A firm just paid a dividend of $3.34. The dividend is expected to grow at a constant rate of 3.30% forever and the required rate of return is 12.24%. What is the value of the stock?

Question

GPT-4o mini · Answer

To find the value of a stock that pays dividends growing at a constant rate, you can use the Gordon Growth Model (also known as the Dividend Discount Model).

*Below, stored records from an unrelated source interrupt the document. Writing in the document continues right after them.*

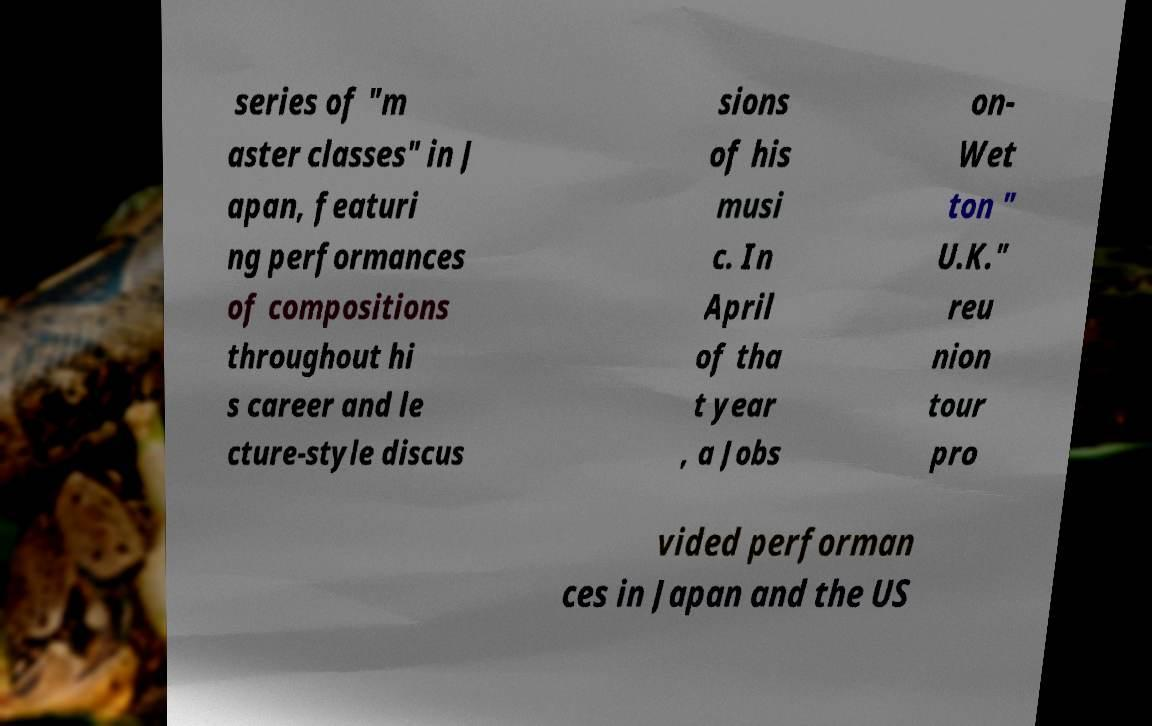Could you assist in decoding the text presented in this image and type it out clearly? series of "m aster classes" in J apan, featuri ng performances of compositions throughout hi s career and le cture-style discus sions of his musi c. In April of tha t year , a Jobs on- Wet ton " U.K." reu nion tour pro vided performan ces in Japan and the US 
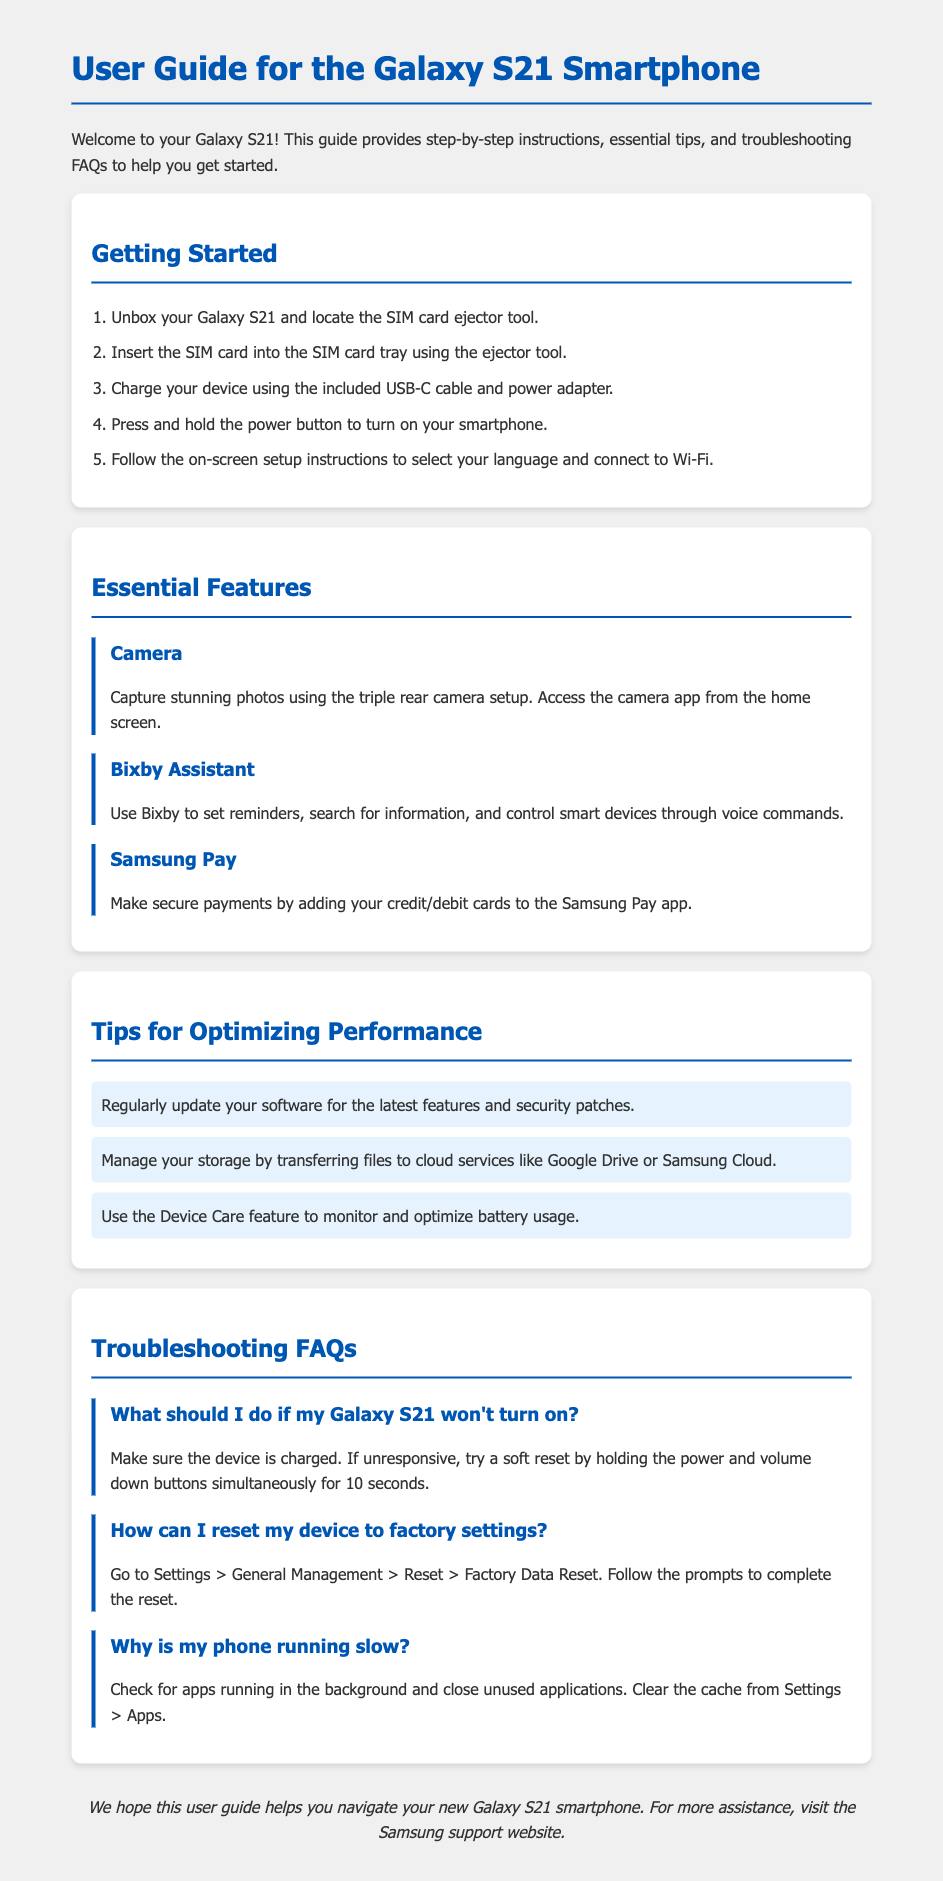What is the first step in getting started? The first step is to unbox your Galaxy S21 and locate the SIM card ejector tool.
Answer: Unbox your Galaxy S21 and locate the SIM card ejector tool What is the primary function of Bixby Assistant? Bixby Assistant is used to set reminders, search for information, and control smart devices through voice commands.
Answer: Set reminders, search for information, and control smart devices How many rear cameras does the Galaxy S21 have? The document specifies that the Galaxy S21 features a triple rear camera setup.
Answer: Triple rear camera setup What should you do if the Galaxy S21 won't turn on? The suggested action is to make sure the device is charged and perform a soft reset if unresponsive.
Answer: Make sure the device is charged; try a soft reset Where can you find the option to reset your device to factory settings? The path to reset the device is listed in the document as Settings > General Management > Reset > Factory Data Reset.
Answer: Settings > General Management > Reset > Factory Data Reset How many tips are provided for optimizing performance? The document lists three tips for optimizing performance.
Answer: Three tips What feature should be used to monitor battery usage? The document recommends using the Device Care feature for monitoring battery usage.
Answer: Device Care feature What is a troubleshooting step for when the phone is running slow? The document suggests checking for apps running in the background and closing unused applications.
Answer: Check for apps running in the background and close unused applications What color is used for headings in the document? The document designates blue (#0056b3) for the headings, which is consistent throughout.
Answer: Blue (#0056b3)

The formula is:

$P = \frac{D_{1}}{r - g}$

Where:

$P$ = Price of the stock
$D_{1}$ = Dividend in the next period
$r$ = Required rate of return
$g$ = Growth rate of the dividend

Given that the firm just paid a dividend ( $D_{0}$ ) of $3.34 and that it is expected to grow at a constant rate of 3.30% forever, we first need to find $D_{1}$ :

$D_{1} = D_{0} \times (1 + g) = 3.34 \times (1 + 0.033) = 3.34 \times 1.033 = 3.45$

Now we can use the required rate of return ( $r = 12.24$ ) and the growth rate ( $g = 3.30$ ) to find the stock price ( $P$ ):

$P = \frac{D_{1}}{r - g} = \frac{3.45}{0.1224 - 0.033} = \frac{3.45}{0.0894}$

Calculating the denominator:

$0.1224 - 0.033 = 0.0894$

Now calculating the final stock price:

$P \approx \frac{3.45}{0.0894} \approx 38.63$

So, the value of the stock is approximately $38.63.